By taking 7.3 seconds from Loeb in this SS9 between Le Fugeret and Thorame-Haute, east of the Alpes-de-Haute-Provence, the Welshman got back into the fight for the win, less than 15 seconds behind Loeb, as he also took 3.9 seconds from his teammate Sébastien Ogier: “I’m not happy with the car, my hybrid doesn’t help me”, confided Ogier, a little disappointed with his 3rd time, behind Evans and surprising youngster Kalle Rovanperä (2nd). Three Toyotas in the first three spots, in order to put maximum pressure on Loeb, 7th in this SS9.
Seven, like the number of victories in Monaco for the Alsatian whose first participation dates back to 2001, at the wheel of a Citroën Saxo.
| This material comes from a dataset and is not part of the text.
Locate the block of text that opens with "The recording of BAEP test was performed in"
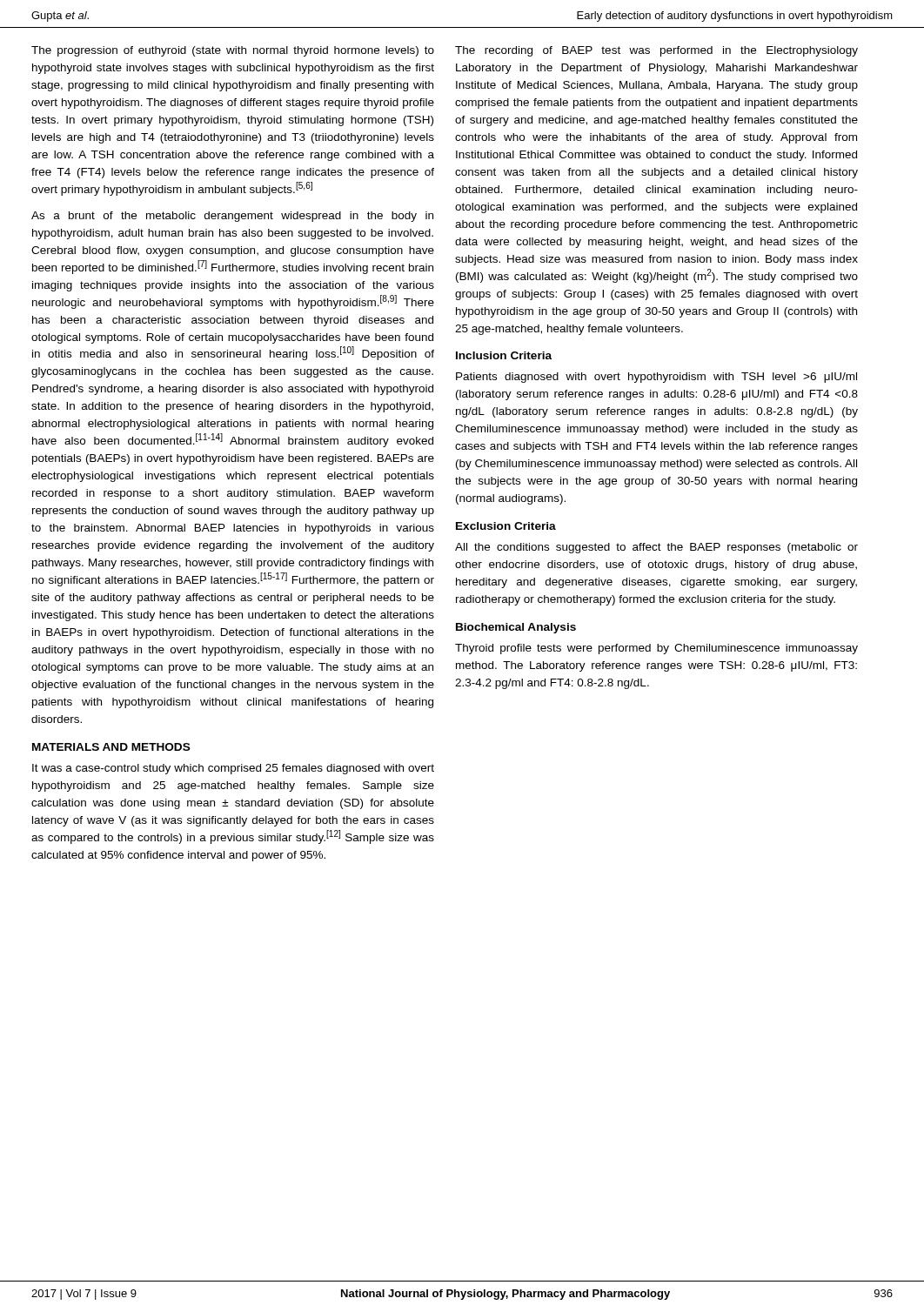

And who this weekend, aboard his Ford Puma, became the oldest driver to ever lead a world championship rally, beating the record held for three decades by Swede Bjorn Waldegard, winner of the Safari Rally in 1990, at age 46, in a Toyota Celica.
In what needs to be called the second group, the fight will pit two Hyundai drivers against two Ford drivers on Saturday. On one side, Thierry Neuville and Ott Tänak, victim of a slow puncture in SS9, who started with only one spare wheel this morning, in order to be lighter. On the other side, Craig Breen and Gus Greensmith who gave Friday, after the first best time of his WRC career, a plausible explanation for the interest aroused by this 90th edition, the first of the hybrid WRC era: “It’s hard to put into words how amazing this Ford Puma is!”. Ford and M-Sport have worked well in the past few months, in Banbury, and it shows.